• I need to get better at Rocksmith.

  • There are two new interviews this morning with Peter Molyneux about the failure of Godus to ship a finished PC version two years and change after the game’s kickstarter crowdfunding completed with over half a million pounds which had an expected delivery date of September 2013.

    First up is Laura Kate Dale’s interview with Molyneux titled It’s over, I will not speak to the press again via Gameranx where we find out that he’s both quitting giving out interviews anymore and that his family is being harassed:

    “People get so frustrated with me, so much so that they’ve threatened me, they’ve threatened my family and it just cannot go on, it really can’t,” he says. 

    Awful. Failing to ship a game successfully isn’t worthy of harassment.

    The second interview is from John Walker, which is just an incredible read. Super long, but well worth going through.

    It makes particular mention of the Linux version, a financial stretch goal on the original Godus kickstarter that was reached, but will probably never ship due to an issue with the engine:

    Peter Molyneux: No, it wasn’t shitty of us. If you look at Kickstarter campaigns a lot of people do this, and at that time, you know, Linux seemed more than possible, and we’re waiting for an update from Marmalade to do Linux and they just haven’t supplied it. At that time, it was on the cards for them to develop. They haven’t developed it. And us going back and re-writing the whole of the middleware is, would mean that the development of Godus would stop. We’ve considered it. But you know, it’s months of work.

    In both of these interviews Molyneux says it is the last he’ll ever do, which is what both journalists believed until reading the other interviews.

    I still hope that Godus eventually becomes a great game, but it does not seem likely based on the mobile version at least. The world-sculpting there was as much fun as it seemed like it would be from the kickstarter, but the game limited the sculpting and gated all progress through micro transactions or the standard free to play timers thave have been with us since the old facebook game Mafia Wars.
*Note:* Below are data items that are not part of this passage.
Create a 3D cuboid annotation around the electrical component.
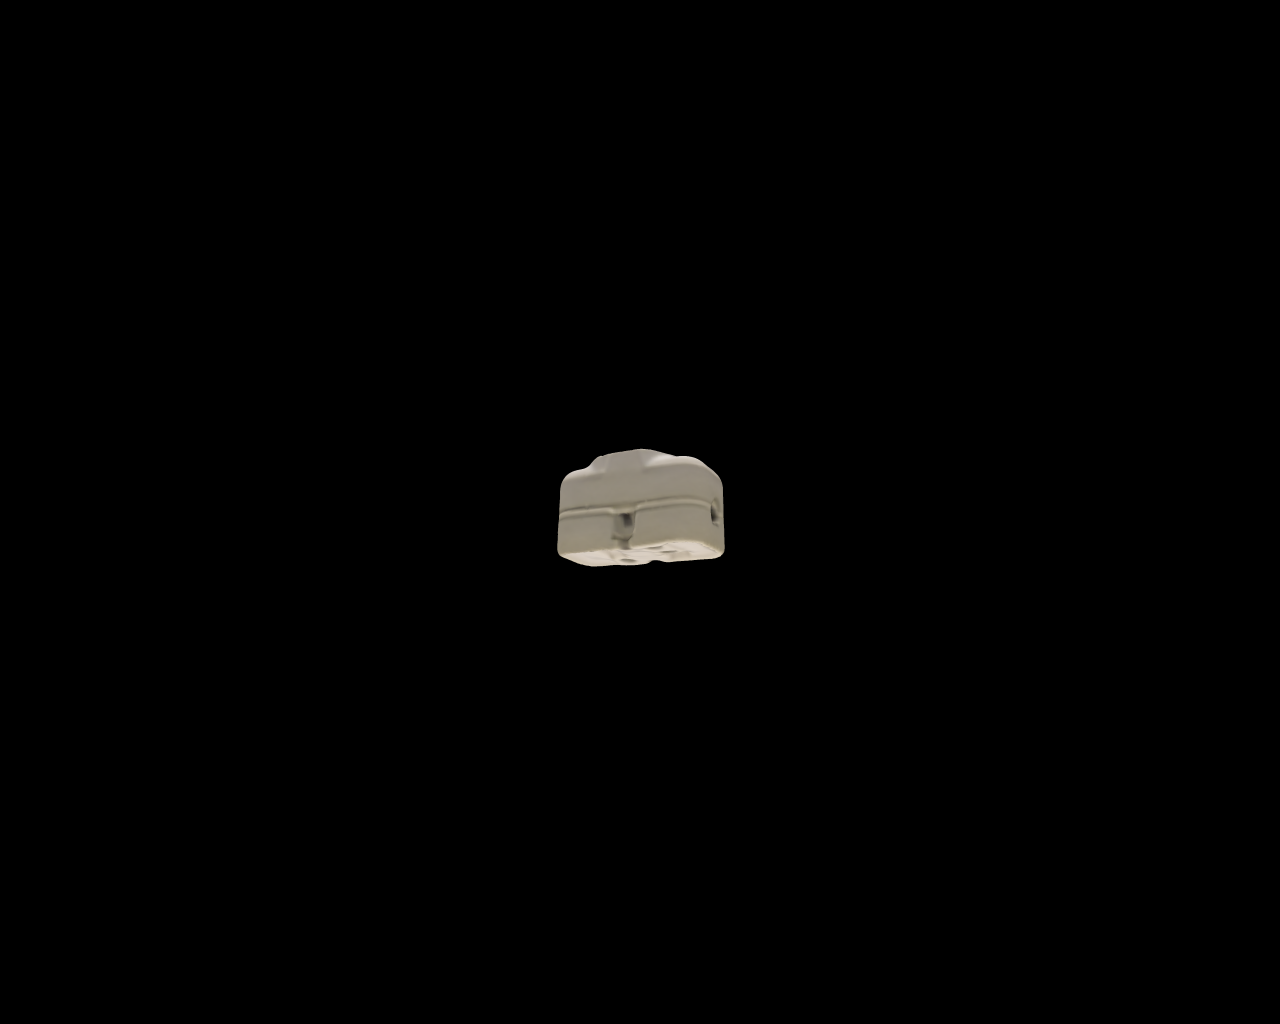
[{"bbox_3d":[0.001,-0.003,0.650,0.095,0.059,0.053,-6,-15,22],"label":"electrical component"}]
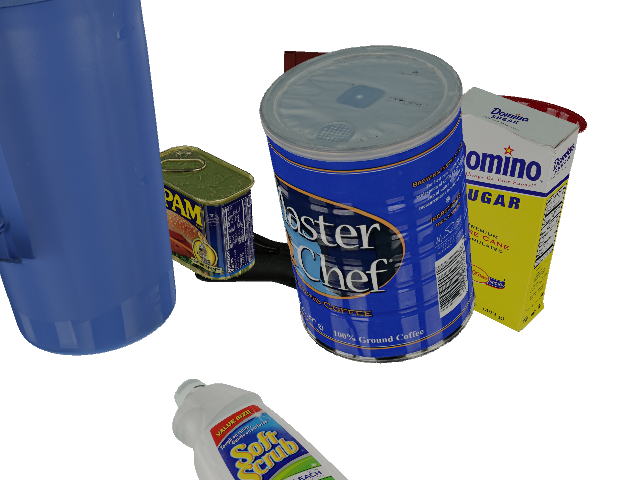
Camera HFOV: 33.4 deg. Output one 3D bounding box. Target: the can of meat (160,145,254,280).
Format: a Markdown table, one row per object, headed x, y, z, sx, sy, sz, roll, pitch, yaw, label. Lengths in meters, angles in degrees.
| x | y | z | sx | sy | sz | roll | pitch | yaw | label |
| --- | --- | --- | --- | --- | --- | --- | --- | --- | --- |
| -0.102 | -0.023 | 0.916 | 0.102 | 0.084 | 0.057 | 27 | 42 | 37 | can of meat |

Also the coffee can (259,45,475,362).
| x | y | z | sx | sy | sz | roll | pitch | yaw | label |
| --- | --- | --- | --- | --- | --- | --- | --- | --- | --- |
| 0.029 | -0.019 | 0.577 | 0.103 | 0.140 | 0.103 | -6 | 37 | 5 | coffee can |

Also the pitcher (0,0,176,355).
| x | y | z | sx | sy | sz | roll | pitch | yaw | label |
| --- | --- | --- | --- | --- | --- | --- | --- | --- | --- |
| -0.167 | -0.048 | 0.664 | 0.149 | 0.243 | 0.145 | -11 | 28 | -9 | pitcher |

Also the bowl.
| x | y | z | sx | sy | sz | roll | pitch | yaw | label |
| --- | --- | --- | --- | --- | --- | --- | --- | --- | --- |
| 0.221 | -0.121 | 1.231 | 0.162 | 0.055 | 0.162 | 4 | 23 | -2 | bowl |

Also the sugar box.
| x | y | z | sx | sy | sz | roll | pitch | yaw | label |
| --- | --- | --- | --- | --- | --- | --- | --- | --- | --- |
| 0.137 | -0.022 | 0.830 | 0.093 | 0.176 | 0.048 | 26 | 45 | 29 | sugar box |

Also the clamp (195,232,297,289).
| x | y | z | sx | sy | sz | roll | pitch | yaw | label |
| --- | --- | --- | --- | --- | --- | --- | --- | --- | --- |
| -0.041 | 0.027 | 1.119 | 0.210 | 0.036 | 0.164 | 16 | 18 | -7 | clamp |

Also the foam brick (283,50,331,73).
| x | y | z | sx | sy | sz | roll | pitch | yaw | label |
| --- | --- | --- | --- | --- | --- | --- | --- | --- | --- |
| 0.003 | -0.178 | 1.155 | 0.078 | 0.051 | 0.053 | 0 | 11 | -14 | foam brick |

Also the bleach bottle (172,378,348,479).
| x | y | z | sx | sy | sz | roll | pitch | yaw | label |
| --- | --- | --- | --- | --- | --- | --- | --- | --- | --- |
| -0.054 | 0.184 | 0.840 | 0.102 | 0.068 | 0.251 | -21 | 33 | -27 | bleach bottle |

    If Godus hadn’t been free-to-play on mobile it would have been work that could have gone into the PC version and both versions could have been better and probably would have been completable. 
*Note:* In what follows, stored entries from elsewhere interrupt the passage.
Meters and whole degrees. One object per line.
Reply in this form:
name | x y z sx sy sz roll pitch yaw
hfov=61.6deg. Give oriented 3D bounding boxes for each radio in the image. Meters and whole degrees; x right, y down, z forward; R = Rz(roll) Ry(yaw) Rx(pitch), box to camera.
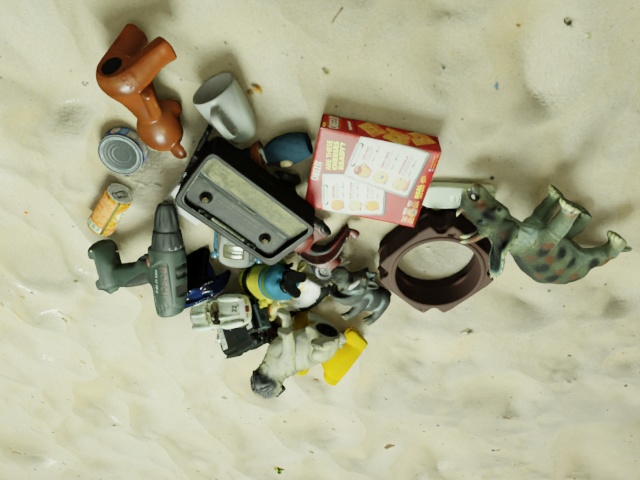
radio | -0.131 -0.062 0.949 0.229 0.073 0.131 37 119 -22

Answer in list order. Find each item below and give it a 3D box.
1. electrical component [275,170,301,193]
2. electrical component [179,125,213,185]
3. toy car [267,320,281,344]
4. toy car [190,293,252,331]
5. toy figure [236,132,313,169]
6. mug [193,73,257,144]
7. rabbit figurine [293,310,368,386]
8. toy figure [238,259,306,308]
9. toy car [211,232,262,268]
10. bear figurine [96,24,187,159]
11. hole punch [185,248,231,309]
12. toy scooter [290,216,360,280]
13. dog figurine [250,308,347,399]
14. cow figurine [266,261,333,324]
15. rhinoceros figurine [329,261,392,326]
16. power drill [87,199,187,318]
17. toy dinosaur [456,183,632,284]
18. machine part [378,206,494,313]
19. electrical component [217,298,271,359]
electrical component | -0.079 -0.085 1.025 0.045 0.078 0.102 21 136 -42
electrical component | -0.209 -0.150 0.979 0.048 0.075 0.119 28 120 -18
toy car | -0.095 0.237 1.276 0.089 0.053 0.202 -39 114 24
toy car | -0.222 0.157 1.164 0.202 0.073 0.056 -12 172 40
toy figure | -0.091 -0.153 0.972 0.155 0.064 0.057 -13 126 14
mug | -0.152 -0.211 0.913 0.081 0.110 0.107 -25 134 14
rabbit figurine | 0.000 0.237 1.228 0.173 0.122 0.162 42 86 1
toy figure | -0.101 0.084 1.109 0.089 0.082 0.180 51 153 -16
toy car | -0.160 0.000 1.070 0.109 0.103 0.161 8 129 -3
bear figurine | -0.277 -0.237 0.905 0.132 0.120 0.195 -53 147 -10
hole punch | -0.260 0.097 1.146 0.142 0.116 0.092 -21 131 19
toy scooter | -0.002 -0.003 1.074 0.135 0.075 0.183 -37 120 27
dog figurine | -0.048 0.260 1.144 0.172 0.121 0.190 17 112 -1
cow figurine | -0.048 0.129 1.184 0.098 0.068 0.167 29 124 -24
rhinoceros figurine | 0.083 0.110 1.119 0.112 0.073 0.190 -38 139 18
power drill | -0.351 0.035 1.058 0.207 0.086 0.231 -2 106 19
toy dinosaur | 0.431 0.019 1.002 0.404 0.131 0.192 27 115 -29
machine part | 0.234 0.045 1.087 0.201 0.087 0.201 38 121 -21
electrical component | -0.170 0.190 1.195 0.134 0.115 0.058 -30 163 35
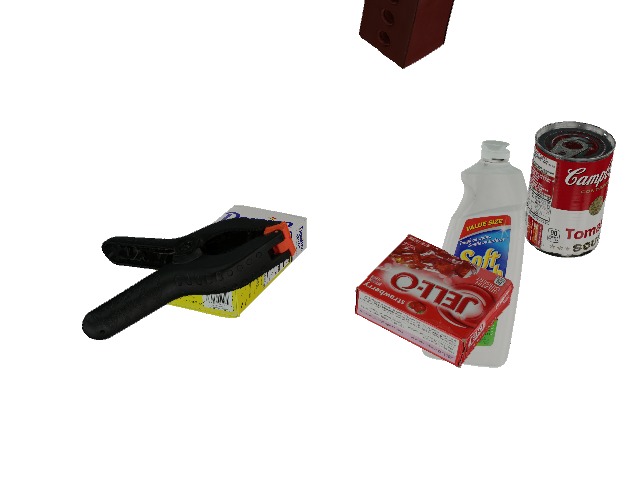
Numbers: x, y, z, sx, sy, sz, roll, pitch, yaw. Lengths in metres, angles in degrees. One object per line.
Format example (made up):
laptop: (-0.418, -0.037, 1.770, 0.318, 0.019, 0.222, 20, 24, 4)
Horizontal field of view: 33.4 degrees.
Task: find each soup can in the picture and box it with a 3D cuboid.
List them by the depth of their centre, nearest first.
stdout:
soup can: (0.218, -0.044, 0.942, 0.068, 0.102, 0.068, 0, 34, 0)

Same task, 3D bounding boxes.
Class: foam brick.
foam brick: (0.069, -0.185, 0.836, 0.051, 0.053, 0.078, -37, -25, -28)

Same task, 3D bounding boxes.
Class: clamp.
clamp: (-0.107, 0.025, 0.832, 0.172, 0.039, 0.120, -12, 39, 17)

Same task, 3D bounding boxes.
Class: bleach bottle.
bleach bottle: (0.176, 0.013, 1.201, 0.103, 0.251, 0.068, 8, 16, 15)

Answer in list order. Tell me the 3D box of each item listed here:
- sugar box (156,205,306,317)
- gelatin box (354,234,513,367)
sugar box: (-0.090, 0.018, 1.136, 0.093, 0.048, 0.176, 11, 30, 20)
gelatin box: (0.080, 0.040, 0.758, 0.089, 0.030, 0.073, 26, 46, 24)
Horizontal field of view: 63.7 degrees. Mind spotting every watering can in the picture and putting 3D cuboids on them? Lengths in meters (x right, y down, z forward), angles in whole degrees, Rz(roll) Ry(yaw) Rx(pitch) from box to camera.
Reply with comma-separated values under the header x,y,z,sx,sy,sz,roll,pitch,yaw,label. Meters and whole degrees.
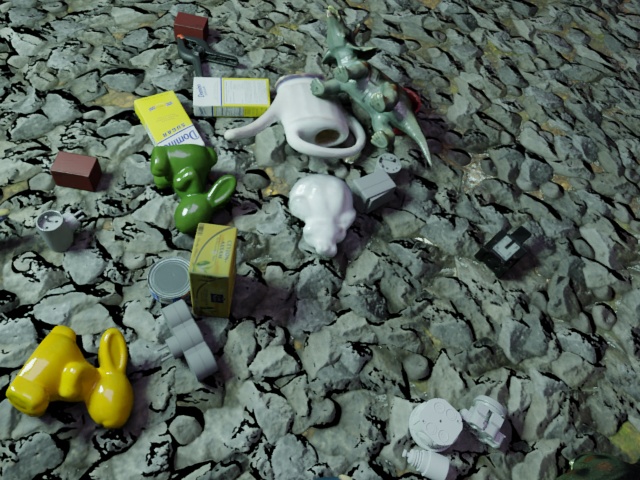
x,y,z,sx,sy,sz,roll,pitch,yaw,label
-0.053,-0.281,1.152,0.348,0.102,0.229,3,57,-28,watering can

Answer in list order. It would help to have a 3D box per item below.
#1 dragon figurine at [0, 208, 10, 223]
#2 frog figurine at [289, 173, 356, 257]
x,y,z,sx,sy,sz,roll,pitch,yaw,label
-0.770,-0.014,0.871,0.415,0.119,0.246,-31,60,-28,dragon figurine
0.003,-0.052,1.026,0.137,0.120,0.163,22,42,-19,frog figurine
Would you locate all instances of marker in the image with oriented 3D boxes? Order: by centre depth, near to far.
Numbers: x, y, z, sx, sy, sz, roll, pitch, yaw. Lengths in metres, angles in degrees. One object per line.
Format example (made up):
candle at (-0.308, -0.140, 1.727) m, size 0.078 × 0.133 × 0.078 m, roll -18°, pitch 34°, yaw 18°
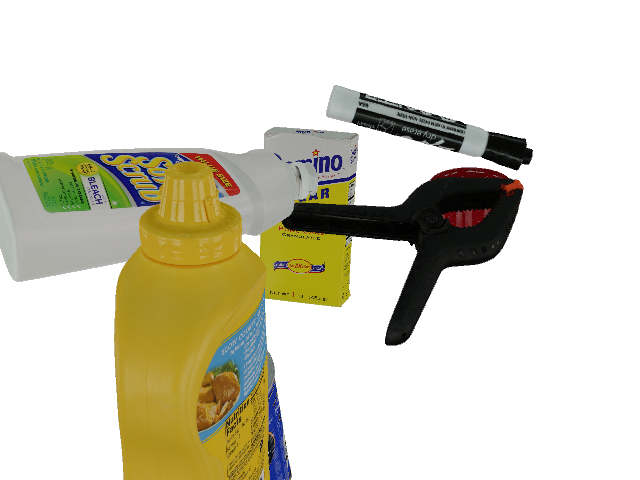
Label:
marker at (0.063, -0.064, 0.613) m, size 0.121 × 0.020 × 0.020 m, roll 15°, pitch -1°, yaw -4°

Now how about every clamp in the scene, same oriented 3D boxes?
clamp at (0.093, 0.002, 0.900) m, size 0.209 × 0.036 × 0.165 m, roll -17°, pitch 51°, yaw -21°

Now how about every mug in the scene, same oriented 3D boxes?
mug at (0.181, -0.035, 1.246) m, size 0.093 × 0.081 × 0.117 m, roll 18°, pitch 33°, yaw 37°

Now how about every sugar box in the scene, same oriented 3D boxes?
sugar box at (-0.013, -0.025, 1.098) m, size 0.093 × 0.176 × 0.048 m, roll 5°, pitch 16°, yaw 13°

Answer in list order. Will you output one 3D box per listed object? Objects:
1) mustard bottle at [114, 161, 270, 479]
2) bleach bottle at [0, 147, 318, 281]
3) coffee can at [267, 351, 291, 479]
mustard bottle at (-0.053, 0.059, 0.455) m, size 0.058 × 0.192 × 0.096 m, roll 9°, pitch 26°, yaw 16°
bleach bottle at (-0.124, -0.036, 0.834) m, size 0.250 × 0.068 × 0.103 m, roll -11°, pitch 47°, yaw -24°
coffee can at (-0.084, 0.167, 0.948) m, size 0.103 × 0.140 × 0.103 m, roll -4°, pitch 39°, yaw 3°

  • Raptor was the best shoot-em-up on computers for a long time, it’s exciting to get the chance to play it again thanks to DotEMU. This time it’s the “2015 Edition” which seems to only add Steam’s achievement system to the game. Gog previously had the most recent update with the “2010 Edition.” I’m still writing “Year of the Linux Desktop” on my checks. Both versions are, unfortunately, only for Windows computers.

  • Jason Schreier has this article with anecdotes from various layoffs in the game industry.

  • Jon Ronson’s How One Stupid Tweet Blew Up Justine Sacco’s Life:

    In the early days of Twitter, I was a keen shamer. When newspaper columnists made racist or homophobic statements, I joined the pile-on. Sometimes I led it.

    The journalist A. A. Gill once wrote a column about shooting a baboon on safari in Tanzania: “I’m told they can be tricky to shoot. They run up trees, hang on for grim life. They die hard, baboons. But not this one. A soft-nosed .357 blew his lungs out.” Gill did the deed because he “wanted to get a sense of what it might be like to kill someone, a stranger.”

    I was among the first people to alert social media. (This was because Gill always gave my television documentaries bad reviews, so I tended to keep a vigilant eye on things he could be got for.) Within minutes, it was everywhere. Amid the hundreds of congratulatory messages I received, one stuck out: “Were you a bully at school?”

    Still, in those early days, the collective fury felt righteous, powerful and effective. It felt as if hierarchies were being dismantled, as if justice were being democratized. As time passed, though, I watched these shame campaigns multiply, to the point that they targeted not just powerful institutions and public figures but really anyone perceived to have done something offensive. I also began to marvel at the disconnect between the severity of the crime and the gleeful savagery of the punishment. It almost felt as if shamings were now happening for their own sake, as if they were following a script.

    Every mistake is a learning opportunity. When somebody doesn’t get the opportunity to recover because their career and life get destroyed by public shaming, they don’t get a chance to learn.

    Even Sam Biddle, the person who initially brought the public shaming to the subject of Ronson’s article realized his mistake and publicly apologized.